In JNU, learning happens outside classrooms, says Infosys Prize winner
Rajaram Sukumar | January 13, 2020 | 11:44 AM IST
Manu V. Devadevan wears many hats. He is a poet, a historian and a political theorist. Although his published works are in Kannada and English, he is equally at ease in Tamil, Telugu, Sanskrit, Odiya and his mother tongue, Malayalam.
A teacher of history at the Indian Institute of Technology-Mandi, Devadevan won the Infosys Prize 2019 for humanities. It was awarded to him for his study of pre-modern South India and his book, A Prehistory of Hinduism . The citation says it “offers a powerful and refreshing new approach to the study of the cultural history of India, based on his profound knowledge of sources in multiple languages”. For Devadevan, the prize is “a great honour ...that also becomes a great burden” as he “must live up to it”. At IIT Mandi, he shares his interests mainly with the research scholars, he told Careers360.
You hail from Kerala, but grew up and studied in Bengaluru. Was language ever a problem?
Language was never really a problem, especially in a city like Bengaluru. I grew up in the 1980s when the city was expanding in terms of geography and the software industry. We had neighbours from Tamil Nadu, Andhra Pradesh, Kerala and so on. In that atmosphere, acquiring a new language was not a problem.
Is that how you came to write poetry in Kannada?
Yes, I would agree with that.
In school, were you one of the brightest in class or a backbencher?
(Laughs) I would say somewhere in between. Although I did sit on the backbench, I was decent in studies. Sometimes I would be somewhere near the fourth rank.
But you didn’t go to college and took up a job instead.
We had some financial problems at that time and my parents could not support my studies.

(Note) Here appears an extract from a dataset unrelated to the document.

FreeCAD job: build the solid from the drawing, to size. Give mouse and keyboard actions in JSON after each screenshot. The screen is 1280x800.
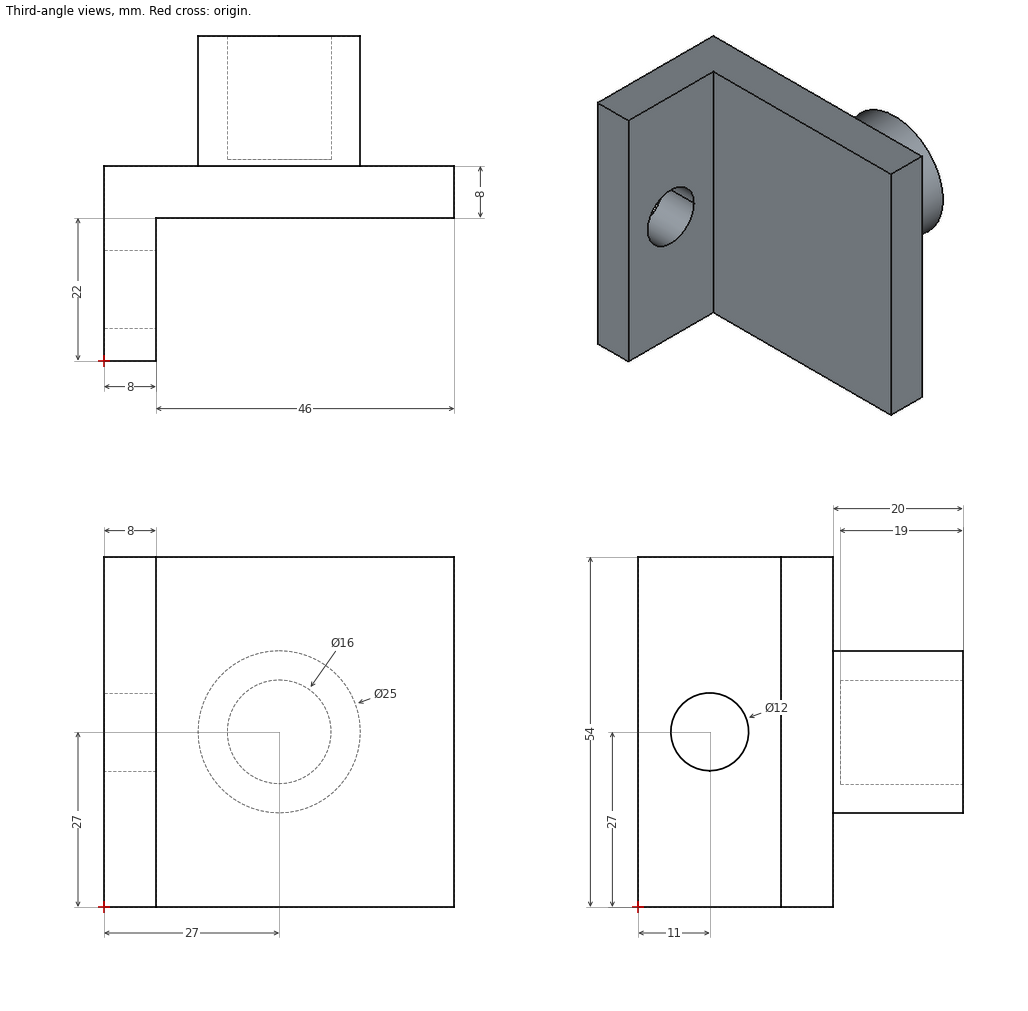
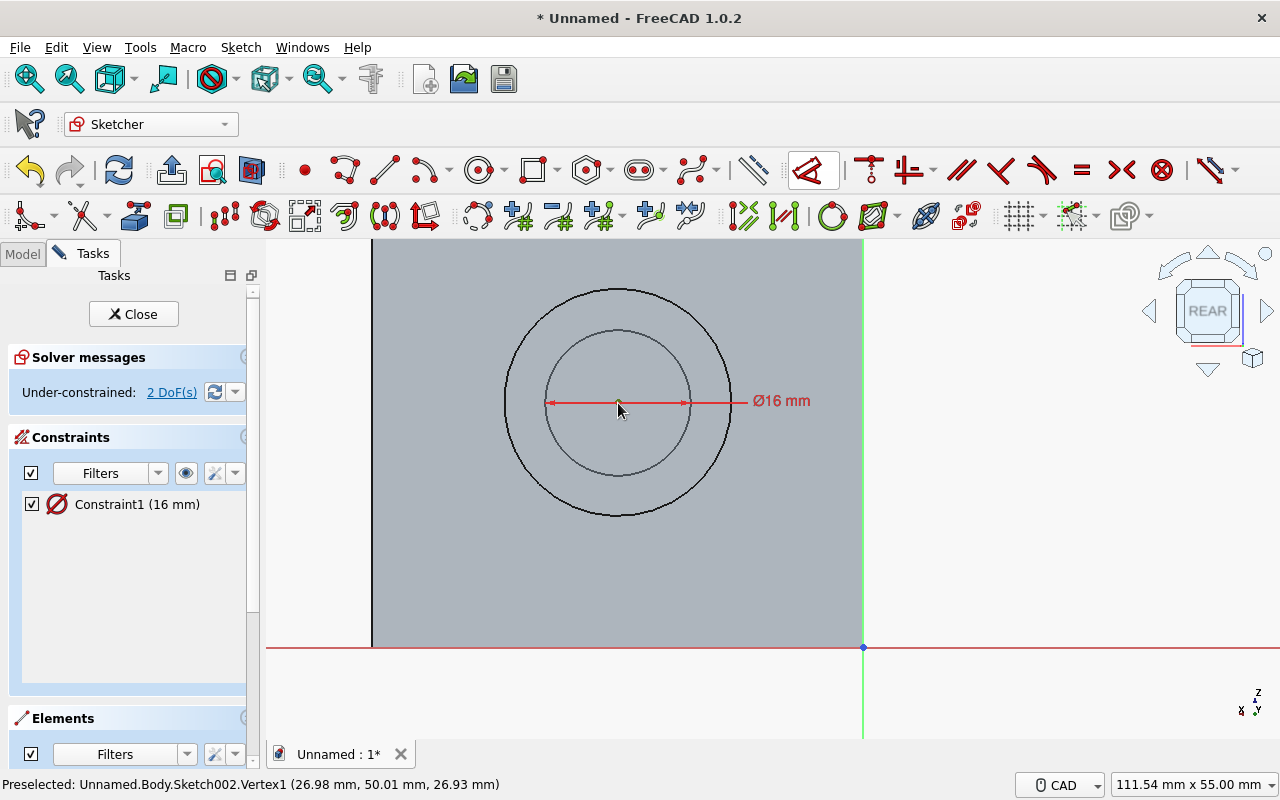
{"action": "key", "text": "l"}
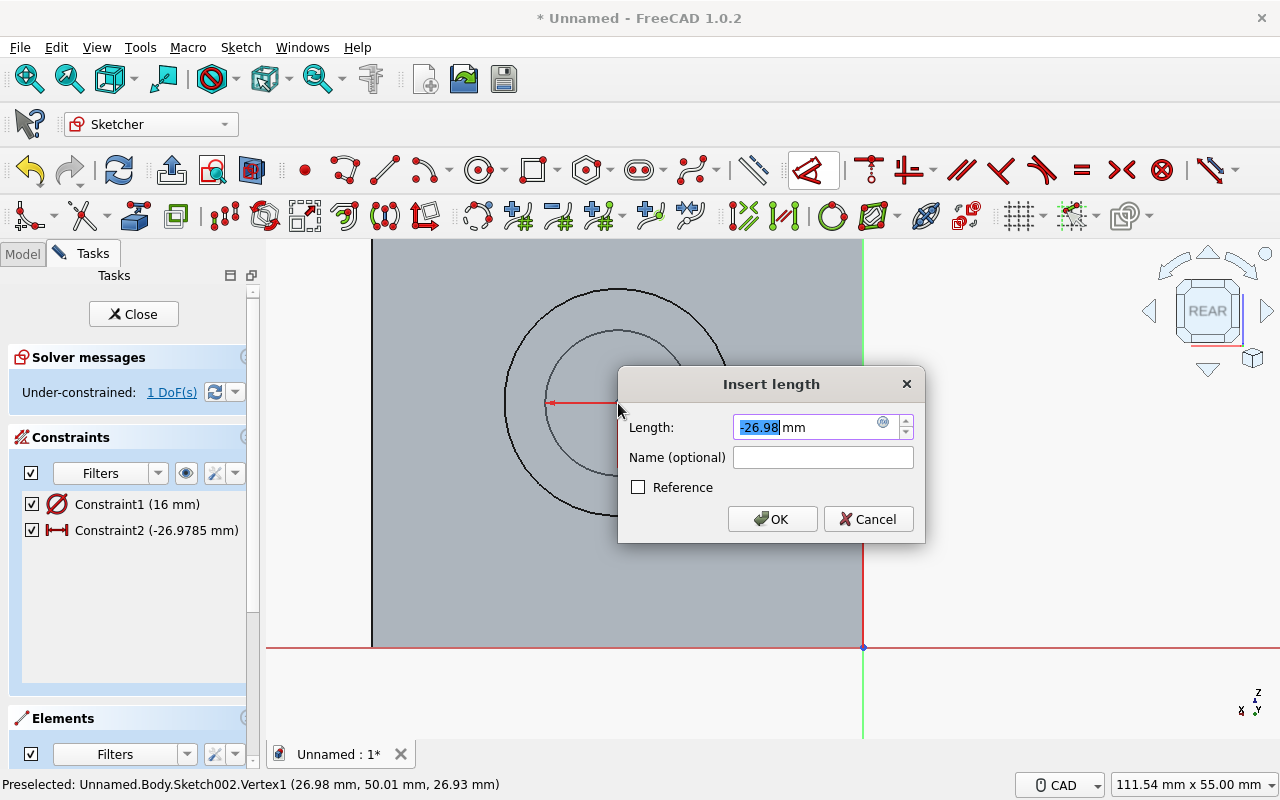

So, I picked up a job in Indian Railways for about five years. In the meantime, the situation improved and I could get back to studies.
You were an avid traveller. Did that influence your academic work in any way?
It did. As an employee of the Railways, I got a free pass and frequently travelled to the nearby tourist locations - Bijapur, Golkonda, Bidar, Hampi. The constant travelling to these places nurtured my interest in history. Even now, I travel. As a student of history, travel is important to understand the livelihood patterns in a given geography, the geography itself, soil conditions, what economic activity is possible there, the river patterns and drainage patterns and so on.
You are a poet, historian and political theorist. Do these roles make a symbiotic whole?
I don’t intend to compartmentalise. The core concerns I have tried to explore in my historical research are more or less the same when it comes to political issues. Once you commit yourself to progressive politics, it becomes part of your political consciousness and activity. It complements the political comments that I make, which, in turn, complements the poetry that I write.
T aking off from there, what is your 2016 book, A Prehistory of Hinduism about?
I begin with 1000 AD and come down to 1800 AD with a few comments on subsequent periods. I tried to understand the processes of change that are constantly happening. This is not generally done because we try to compartmentalise the pre-British, pre-colonial period from the colonial times or modern times. We tend to believe that life somehow was different from what life is now. This is true but there is also no point in treating the whole of the pre-British period as a single academic block, or as a single temporal block or historical block.
Even within that, numerous changes were happening – in political preferences, in the forms of economy, trade and agriculture and as some subaltern groups became mainstream. Their influences on religion have not been adequately documented.
So, this is what I want to understand. You may ask: “What is the core of Hinduism, what is the essence of Hindu philosophy?” I would say, there is no core, there is no essence because it is transforming continuously and adapting to the changing political and economic circumstances.
When you look at the Mauryan period or the Vedic period before that, you don’t find the institution of a temple. So, how did this happen, what necessitated the building of temples and image worship in a big way which did not exist in the Vedic period? You did not have puja, you had yagna instead. There was no representation of a deity. There was fire and wind and rain and forces of nature. So, these are transformations that have happened over a period of time. I think we need to understand them.
You did your post-graduation from JNU at a time when it was the most vibrant academic environment. How did that influence you?
I went to JNU in 2003. It was a very vibrant place with debates and discussions. Much of the learning happened outside the classroom, in libraries and evening discussions in the mess halls and dhabas. The campus is vibrant with a variety of activities – music, political theatre and discussions. The whole atmosphere of JNU is a kind of learning atmosphere – it is not about the classroom at all. To nurture such an institution, years of effort must have gone into it, right from the commencement in 1959, because one could see the fruits of that effort even in 2003 or 2004.
Did this influence your poetic leanings? Who were your main influences?
I was interested in Kannada even before that. While in the Railways, I developed a reading habit and during my JNU days, I interacted with Kannada writers who are some of the best – UR Ananthamurthy, Kesava Malagi, H Shiva Prakash. That led to a deeper interest. That was an interesting period because before that, you had concerted literary movements. There was a modernist movement; the progressive writers’ movement came before that and before that, the Kannada renaissance movement. Navya was followed by the Dalit and protest movement. By 2000, these movements began to wither away. Many diverse voices emerged and I found it both interesting and disturbing because there was no unified vision. That had new meaning for me.